Brock was crouching beneath the dangling feet, carefully examining the floor and the chair standing nearby, when Kathy arrived. She took in the limp figure, the thoughtful expression frozen on the sallow face as if surprised that death wasn’t quite what he’d expected, and she felt a sudden jolt of recognition—two hanged figures, one blindfolded, both with hands tied behind their backs, in this case with a loose cord.

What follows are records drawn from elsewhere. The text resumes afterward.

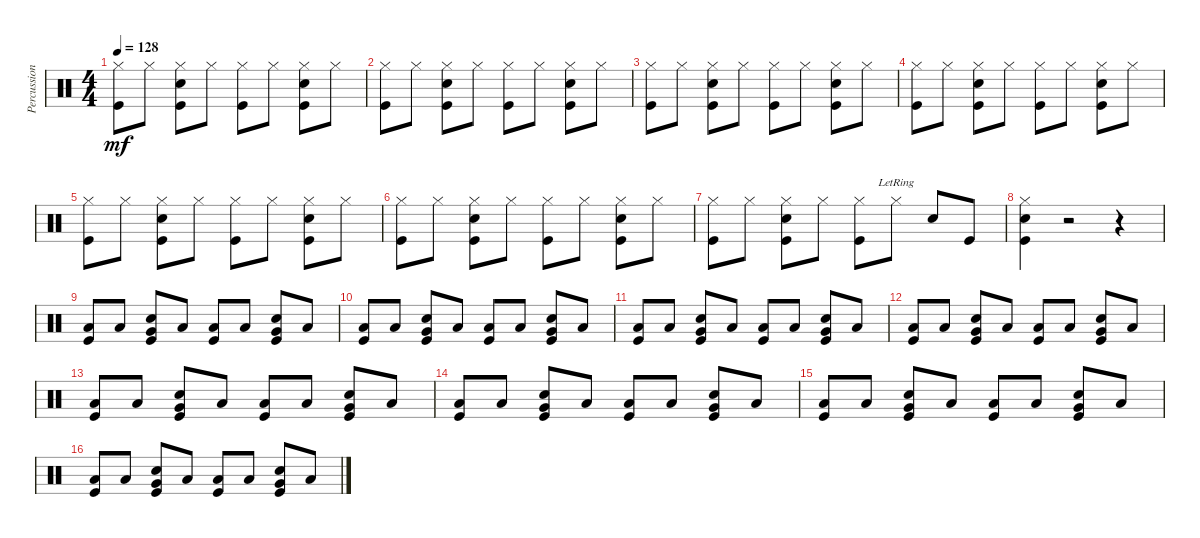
\track ("Percussions" "Percussion") {instrument percussion}
\staff {score}
\articulation defaults
\ts (4 4)
\tempo 128
\clef neutral
\ks c
("Hi-Hat (closed)" "Kick (hit)").8{dy mf} "Hi-Hat (closed)".8 ("Hi-Hat (closed)" "Snare (hit) 2" "Kick (hit)").8 "Hi-Hat (closed)".8 ("Hi-Hat (closed)" "Kick (hit)").8 "Hi-Hat (closed)".8 ("Hi-Hat (closed)" "Snare (hit) 2" "Kick (hit)").8 "Hi-Hat (closed)".8 |
("Hi-Hat (closed)" "Kick (hit)").8 "Hi-Hat (closed)".8 ("Hi-Hat (closed)" "Snare (hit) 2" "Kick (hit)").8 "Hi-Hat (closed)".8 ("Hi-Hat (closed)" "Kick (hit)").8 "Hi-Hat (closed)".8 ("Hi-Hat (closed)" "Snare (hit) 2" "Kick (hit)").8 "Hi-Hat (closed)".8 |
("Hi-Hat (closed)" "Kick (hit)").8 "Hi-Hat (closed)".8 ("Hi-Hat (closed)" "Snare (hit) 2" "Kick (hit)").8 "Hi-Hat (closed)".8 ("Hi-Hat (closed)" "Kick (hit)").8 "Hi-Hat (closed)".8 ("Hi-Hat (closed)" "Snare (hit) 2" "Kick (hit)").8 "Hi-Hat (closed)".8 |
("Hi-Hat (closed)" "Kick (hit)").8 "Hi-Hat (closed)".8 ("Hi-Hat (closed)" "Snare (hit) 2" "Kick (hit)").8 "Hi-Hat (closed)".8 ("Hi-Hat (closed)" "Kick (hit)").8 "Hi-Hat (closed)".8 ("Hi-Hat (closed)" "Snare (hit) 2" "Kick (hit)").8 "Hi-Hat (closed)".8 |
("Hi-Hat (closed)" "Kick (hit)").8 "Hi-Hat (closed)".8 ("Hi-Hat (closed)" "Snare (hit) 2" "Kick (hit)").8 "Hi-Hat (closed)".8 ("Hi-Hat (closed)" "Kick (hit)").8 "Hi-Hat (closed)".8 ("Hi-Hat (closed)" "Snare (hit) 2" "Kick (hit)").8 "Hi-Hat (closed)".8 |
("Hi-Hat (closed)" "Kick (hit)").8 "Hi-Hat (closed)".8 ("Hi-Hat (closed)" "Snare (hit) 2" "Kick (hit)").8 "Hi-Hat (closed)".8 ("Hi-Hat (closed)" "Kick (hit)").8 "Hi-Hat (closed)".8 ("Hi-Hat (closed)" "Snare (hit) 2" "Kick (hit)").8 "Hi-Hat (closed)".8 |
("Hi-Hat (closed)" "Kick (hit)").8 "Hi-Hat (closed)".8 ("Hi-Hat (closed)" "Snare (hit) 2" "Kick (hit)").8 "Hi-Hat (closed)".8 ("Hi-Hat (closed)" "Kick (hit)").8 "Hi-Hat (closed)"{lr}.8 "Snare (hit) 2".8 "Kick (hit)".8 |
("Hi-Hat (closed)" "Snare (hit) 2" "Kick (hit)").4 r.2 r.4 |
("Low Floor Tom (hit)" "Kick (hit)").8 "Low Floor Tom (hit)".8 ("Very Low Tom (hit)" "Snare (hit) 2" "Kick (hit)").8 "Low Floor Tom (hit)".8 ("Low Floor Tom (hit)" "Kick (hit)").8 "Low Floor Tom (hit)".8 ("Very Low Tom (hit)" "Snare (hit) 2" "Kick (hit)").8 "Low Floor Tom (hit)".8 |
("Low Floor Tom (hit)" "Kick (hit)").8 "Low Floor Tom (hit)".8 ("Very Low Tom (hit)" "Snare (hit) 2" "Kick (hit)").8 "Low Floor Tom (hit)".8 ("Low Floor Tom (hit)" "Kick (hit)").8 "Low Floor Tom (hit)".8 ("Very Low Tom (hit)" "Snare (hit) 2" "Kick (hit)").8 "Low Floor Tom (hit)".8 |
("Low Floor Tom (hit)" "Kick (hit)").8 "Low Floor Tom (hit)".8 ("Very Low Tom (hit)" "Snare (hit) 2" "Kick (hit)").8 "Low Floor Tom (hit)".8 ("Low Floor Tom (hit)" "Kick (hit)").8 "Low Floor Tom (hit)".8 ("Very Low Tom (hit)" "Snare (hit) 2" "Kick (hit)").8 "Low Floor Tom (hit)".8 |
("Low Floor Tom (hit)" "Kick (hit)").8 "Low Floor Tom (hit)".8 ("Very Low Tom (hit)" "Snare (hit) 2" "Kick (hit)").8 "Low Floor Tom (hit)".8 ("Low Floor Tom (hit)" "Kick (hit)").8 "Low Floor Tom (hit)".8 ("Very Low Tom (hit)" "Snare (hit) 2" "Kick (hit)").8 "Low Floor Tom (hit)".8 |
("Low Floor Tom (hit)" "Kick (hit)").8 "Low Floor Tom (hit)".8 ("Very Low Tom (hit)" "Snare (hit) 2" "Kick (hit)").8 "Low Floor Tom (hit)".8 ("Low Floor Tom (hit)" "Kick (hit)").8 "Low Floor Tom (hit)".8 ("Very Low Tom (hit)" "Snare (hit) 2" "Kick (hit)").8 "Low Floor Tom (hit)".8 |
("Low Floor Tom (hit)" "Kick (hit)").8 "Low Floor Tom (hit)".8 ("Very Low Tom (hit)" "Snare (hit) 2" "Kick (hit)").8 "Low Floor Tom (hit)".8 ("Low Floor Tom (hit)" "Kick (hit)").8 "Low Floor Tom (hit)".8 ("Very Low Tom (hit)" "Snare (hit) 2" "Kick (hit)").8 "Low Floor Tom (hit)".8 |
("Low Floor Tom (hit)" "Kick (hit)").8 "Low Floor Tom (hit)".8 ("Very Low Tom (hit)" "Snare (hit) 2" "Kick (hit)").8 "Low Floor Tom (hit)".8 ("Low Floor Tom (hit)" "Kick (hit)").8 "Low Floor Tom (hit)".8 ("Very Low Tom (hit)" "Snare (hit) 2" "Kick (hit)").8 "Low Floor Tom (hit)".8 |
("Low Floor Tom (hit)" "Kick (hit)").8 "Low Floor Tom (hit)".8 ("Very Low Tom (hit)" "Snare (hit) 2" "Kick (hit)").8 "Low Floor Tom (hit)".8 ("Low Floor Tom (hit)" "Kick (hit)").8 "Low Floor Tom (hit)".8 ("Very Low Tom (hit)" "Snare (hit) 2" "Kick (hit)").8 "Low Floor Tom (hit)".8
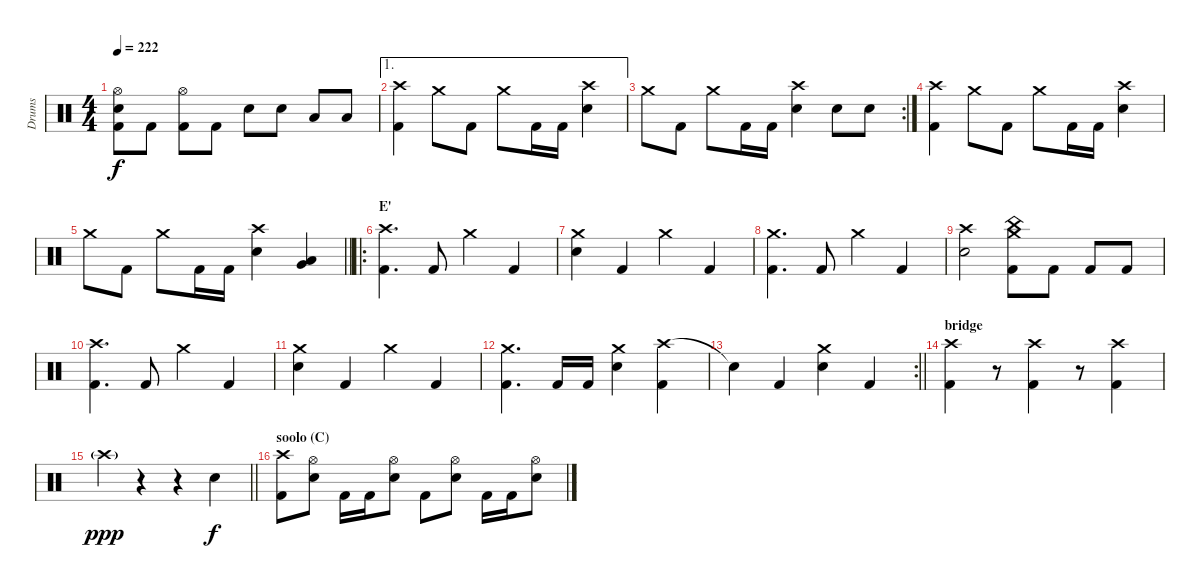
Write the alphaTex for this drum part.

\track ("Drums" "Drums") {instrument percussion}
\staff {score}
\articulation defaults
\ts (4 4)
\tempo 222
\clef neutral
\ks c
("Hi-Hat (open)" "Electric Snare (hit)" "Kick (hit) 2").8{dy f} "Kick (hit) 2".8 ("Hi-Hat (open)" "Kick (hit) 2").8 "Kick (hit) 2".8 "Electric Snare (hit)".8 "Electric Snare (hit)".8 "Low Tom (hit)".8 "Low Tom (hit)".8 |
\ae 1
("Crash high (hit)" "Kick (hit) 2").4 "Crash medium (hit)".8 "Kick (hit) 2".8 "Crash medium (hit)".8 "Kick (hit) 2".16 "Kick (hit) 2".16 ("Crash high (hit)" "Electric Snare (hit)").4 |
\rc 2 "Crash medium (hit)".8 "Kick (hit) 2".8 "Crash medium (hit)".8 "Kick (hit) 2".16 "Kick (hit) 2".16
("Crash high (hit)" "Electric Snare (hit)").4 "Electric Snare (hit)".8 "Electric Snare (hit)".8 |
("Crash high (hit)" "Kick (hit) 2").4 "Crash medium (hit)".8 "Kick (hit) 2".8 "Crash medium (hit)".8 "Kick (hit) 2".16 "Kick (hit) 2".16 ("Crash high (hit)" "Electric Snare (hit)").4 |
\barLineRight lightlight "Crash medium (hit)".8 "Kick (hit) 2".8 "Crash medium (hit)".8 "Kick (hit) 2".16 "Kick (hit) 2".16
("Crash high (hit)" "Electric Snare (hit)").4 ("Low Tom (hit)" "Very Low Tom (hit)").4 |
\ro
\section ("" "E'")
("Crash high (hit)" "Kick (hit) 2").4{d} "Kick (hit) 2".8 "Crash medium (hit)".4 "Kick (hit) 2".4 |
("Crash medium (hit)" "Electric Snare (hit)").4 "Kick (hit) 2".4 "Crash medium (hit)".4 "Kick (hit) 2".4 |
("Crash medium (hit)" "Kick (hit) 2").4{d} "Kick (hit) 2".8 "Crash medium (hit)".4 "Kick (hit) 2".4 |
("Crash high (hit)" "Electric Snare (hit)").2 ("Crash medium (hit)" "China (hit)" "Kick (hit) 2").8 "Kick (hit) 2".8 "Kick (hit) 2".8 "Kick (hit) 2".8 |
("Crash high (hit)" "Kick (hit) 2").4{d} "Kick (hit) 2".8 "Crash medium (hit)".4 "Kick (hit) 2".4 |
("Crash medium (hit)" "Electric Snare (hit)").4 "Kick (hit) 2".4 "Crash medium (hit)".4 "Kick (hit) 2".4 |
("Crash medium (hit)" "Kick (hit) 2").4{d} "Kick (hit) 2".16 "Kick (hit) 2".16 ("Crash medium (hit)" "Electric Snare (hit)").4 ("Crash high (hit)" "Kick (hit) 2").4 |
\rc 2
\barLineRight lightlight "Snare (hit)"{t}.4 "Kick (hit) 2".4
("Crash medium (hit)" "Electric Snare (hit)").4 "Kick (hit) 2".4 |
\section ("" "bridge")
("Crash high (hit)" "Kick (hit) 2").4 r.8{volume 0} ("Crash high (hit)" "Kick (hit) 2").4{volume 15} r.8{volume 0} ("Crash high (hit)" "Kick (hit) 2").4{volume 15} |
\barLineRight lightlight "Crash high (hit)"{g}.4{dy ppp volume 0}
r.4 r.4 "Electric Snare (hit)".4{dy f volume 15} |
\section ("" "soolo (C)")
("Crash high (hit)" "Kick (hit) 2").8{volume 15} ("Hi-Hat (open)" "Electric Snare (hit)").8 "Kick (hit) 2".16 "Kick (hit) 2".16 ("Hi-Hat (open)" "Electric Snare (hit)").8 "Kick (hit) 2".8 ("Hi-Hat (open)" "Electric Snare (hit)").8 "Kick (hit) 2".16 "Kick (hit) 2".16 ("Hi-Hat (open)" "Electric Snare (hit)").8
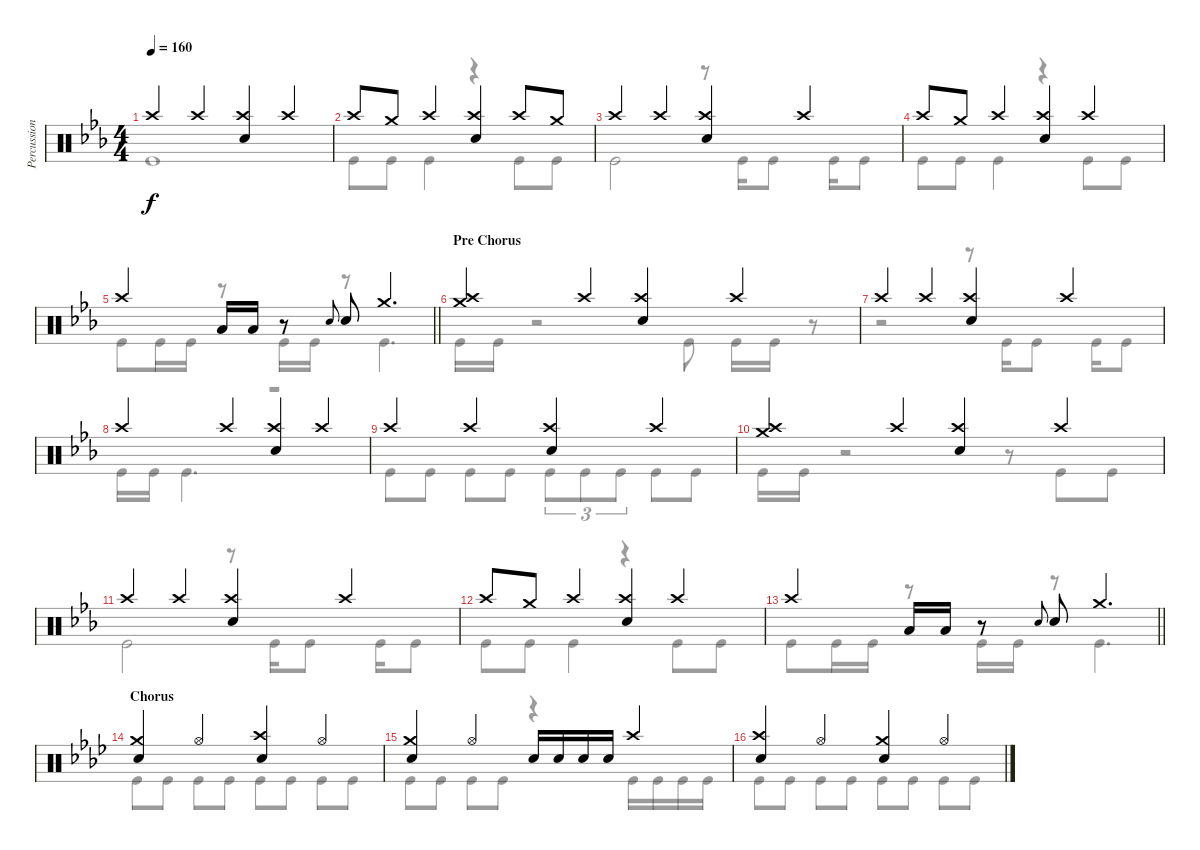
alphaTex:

\track ("Percussion" "Percussion") {instrument percussion}
\staff {score}
\articulation defaults
\voice
\ts (4 4)
\tempo 160
\clef neutral
\ks cminor "Crash high (hit)".4{dy f} "Crash high (hit)".4
("Crash high (hit)" "Electric Snare (hit)").4 "Crash high (hit)".4 |
"Crash high (hit)".8 "Crash medium (hit)".8 "Crash high (hit)".4 ("Crash high (hit)" "Electric Snare (hit)").4 "Crash high (hit)".8 "Crash medium (hit)".8 |
"Crash high (hit)".4 "Crash high (hit)".4 ("Crash high (hit)" "Electric Snare (hit)").4 "Crash high (hit)".4 |
"Crash high (hit)".8 "Crash medium (hit)".8 "Crash high (hit)".4 ("Crash high (hit)" "Electric Snare (hit)").4 "Crash high (hit)".4 |
\barLineRight lightlight "Crash high (hit)".4 "Low Tom (hit)".16 "Low Tom (hit)".16
r.8 "Electric Snare (hit)".8{gr onbeat} "Electric Snare (hit)".8 "Crash medium (hit)".4{d} |
\section ("" "Pre Chorus")
("Crash medium (hit)" "Crash high (hit)").4 "Crash high (hit)".4 ("Crash high (hit)" "Electric Snare (hit)").4 "Crash high (hit)".4 |
"Crash high (hit)".4 "Crash high (hit)".4 ("Crash high (hit)" "Electric Snare (hit)").4 "Crash high (hit)".4 |
"Crash high (hit)".4 "Crash high (hit)".4 ("Crash high (hit)" "Electric Snare (hit)").4 "Crash high (hit)".4 |
"Crash high (hit)".4 "Crash high (hit)".4 ("Crash high (hit)" "Electric Snare (hit)").4 "Crash high (hit)".4 |
("Crash medium (hit)" "Crash high (hit)").4 "Crash high (hit)".4 ("Crash high (hit)" "Electric Snare (hit)").4 "Crash high (hit)".4 |
"Crash high (hit)".4 "Crash high (hit)".4 ("Crash high (hit)" "Electric Snare (hit)").4 "Crash high (hit)".4 |
"Crash high (hit)".8 "Crash medium (hit)".8 "Crash high (hit)".4 ("Crash high (hit)" "Electric Snare (hit)").4 "Crash high (hit)".4 |
\barLineRight lightlight "Crash high (hit)".4 "Low Tom (hit)".16 "Low Tom (hit)".16
r.8 "Electric Snare (hit)".8{gr onbeat} "Electric Snare (hit)".8 "Crash medium (hit)".4{d} |
\section ("" "Chorus")
\ks fminor
("Crash medium (hit)" "Electric Snare (hit)").4 "Hi-Hat (open)".4 ("Crash high (hit)" "Electric Snare (hit)").4 "Hi-Hat (open)".4 |
("Crash medium (hit)" "Electric Snare (hit)").4 "Hi-Hat (open)".4 "Electric Snare (hit)".16 "Electric Snare (hit)".16 "Electric Snare (hit)".16 "Electric Snare (hit)".16 "Crash high (hit)".4 |
("Crash high (hit)" "Electric Snare (hit)").4 "Hi-Hat (open)".4 ("Crash medium (hit)" "Electric Snare (hit)").4 "Hi-Hat (open)".4
\voice
\clef neutral
\ottava regular
\simile none
\ks cminor "Kick (hit)".1{dy f}
|
"Kick (hit)".8 "Kick (hit)".8 "Kick (hit)".4 r.4 "Kick (hit)".8 "Kick (hit)".8 |
"Kick (hit)".2 r.8 "Kick (hit)".16 "Kick (hit)".8 "Kick (hit)".16 "Kick (hit)".8 |
"Kick (hit)".8 "Kick (hit)".8 "Kick (hit)".4 r.4 "Kick (hit)".8 "Kick (hit)".8 |
\barLineRight lightlight "Kick (hit)".8 "Kick (hit)".16 "Kick (hit)".16
r.8 "Kick (hit)".16 "Kick (hit)".16 r.8 "Kick (hit)".4{d} |
"Kick (hit)".16 "Kick (hit)".16 r.2 "Kick (hit)".8 "Kick (hit)".16 "Kick (hit)".16 r.8 |
r.2 r.8 "Kick (hit)".16 "Kick (hit)".8 "Kick (hit)".16 "Kick (hit)".8 |
"Kick (hit)".16 "Kick (hit)".16 "Kick (hit)".4{d} r.2 |
"Kick (hit)".8 "Kick (hit)".8 "Kick (hit)".8 "Kick (hit)".8 "Kick (hit)".8{tu (3 2)} "Kick (hit)".8{tu (3 2)} "Kick (hit)".8{tu (3 2)} "Kick (hit)".8 "Kick (hit)".8 |
"Kick (hit)".16 "Kick (hit)".16 r.2 r.8 "Kick (hit)".8 "Kick (hit)".8 |
"Kick (hit)".2 r.8 "Kick (hit)".16 "Kick (hit)".8 "Kick (hit)".16 "Kick (hit)".8 |
"Kick (hit)".8 "Kick (hit)".8 "Kick (hit)".4 r.4 "Kick (hit)".8 "Kick (hit)".8 |
\barLineRight lightlight "Kick (hit)".8 "Kick (hit)".16 "Kick (hit)".16
r.8 "Kick (hit)".16 "Kick (hit)".16 r.8 "Kick (hit)".4{d} |
\ks fminor "Kick (hit)".8 "Kick (hit)".8 "Kick (hit)".8 "Kick (hit)".8 "Kick (hit)".8 "Kick (hit)".8 "Kick (hit)".8 "Kick (hit)".8
|
"Kick (hit)".8 "Kick (hit)".8 "Kick (hit)".8 "Kick (hit)".8 r.4 "Kick (hit)".16 "Kick (hit)".16 "Kick (hit)".16 "Kick (hit)".16 |
"Kick (hit)".8 "Kick (hit)".8 "Kick (hit)".8 "Kick (hit)".8 "Kick (hit)".8 "Kick (hit)".8 "Kick (hit)".8 "Kick (hit)".8
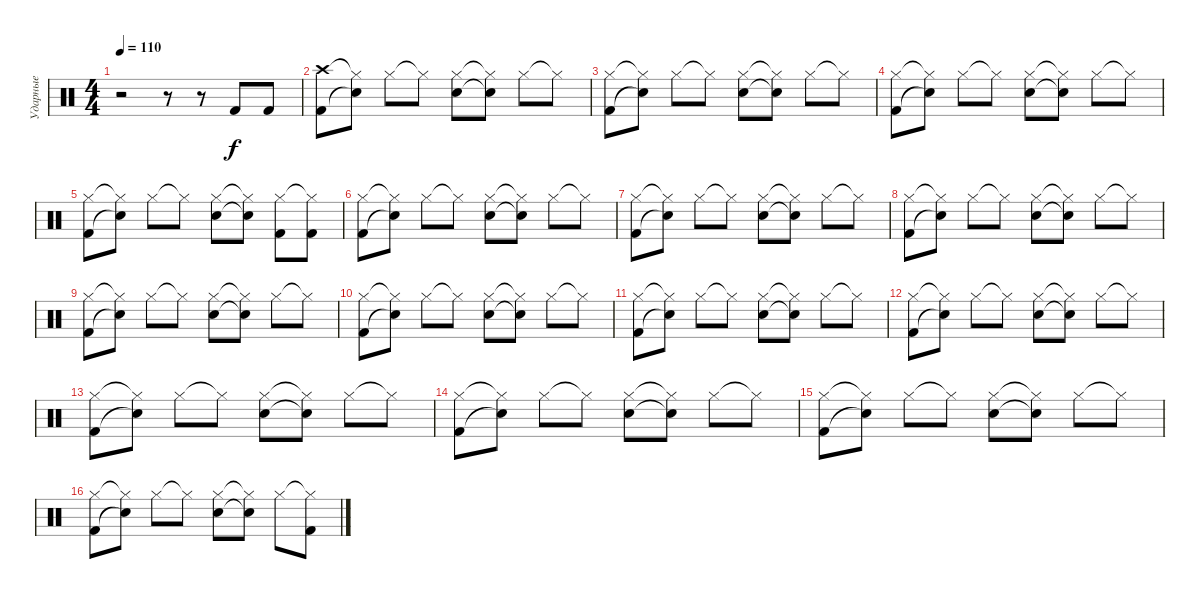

Brock looked up, shook his head. ‘I’d have said suicide this time, if it weren’t for the tied wrists.’ He spoke quietly, not wanting to be overheard by the others moving around nearby—the photographers setting up, and beyond them two men erecting a screen against the gallery window, across which a new graffiti message had appeared during the night, ‘
this too
’.
He straightened upright with a grunt and pointed at the man’s throat. ‘Nice clean rope burn, livid edge. Ah . . .’ Brock’s voice returned to normal volume as he saw the medical examiner arrive with a scene of crime team. He went over to brief them while Kathy remained with Stan’s body, studying the fingernails, the shoes, the knot that had been used to secure the free end of the rope to the leg of a nearby table loaded with computer equipment. Out of the corner of her eye she saw two men sitting together by the open door of the glass cube. Fergus Tait, in a green dressing-gown and leather slippers, looked bemused; the other man, Gabriel Rudd, wore a long overcoat, feet bare, and was drawing in a sketchpad on his lap. They both looked up as Brock approached with one of the SOCO team, and again Kathy was startled to see how gaunt and hollow-eyed Rudd had become. They appeared surprised as Brock explained something to them and the officer began examining their clothing. Theatrically, Rudd placed his sketchbook on the floor and raised his hands to be checked and have fingernail scrapings taken. As Kathy went over to hear what they had to say she saw that the drawing he’d been making was of Stan.
‘Did either of you touch the body?’ Brock asked.
‘I did,’ Rudd said. ‘I gave him a pinch just to make sure he wasn’t one of his own sculptures. Funny, he seemed less real than they do. He was stone cold.’
‘I touched him, too,’ Tait said. ‘I thought I’d better try to find out if he was actually dead. I mean, there seemed little doubt, but I tried to find a pulse anyway, in the wrist, and then,’ he gave a grimace, ‘in the throat. Nothing. If I hadn’t been so sure he was gone, I’d have cut him down, but I thought I’d better not. I mean, it’s not a situation I’m used to dealing with.’
He sounded shaken, unlike Rudd, who had shifted his attention back to the corpse, narrowing his eyes, leaning his head from side to side as if mentally composing the image on a banner.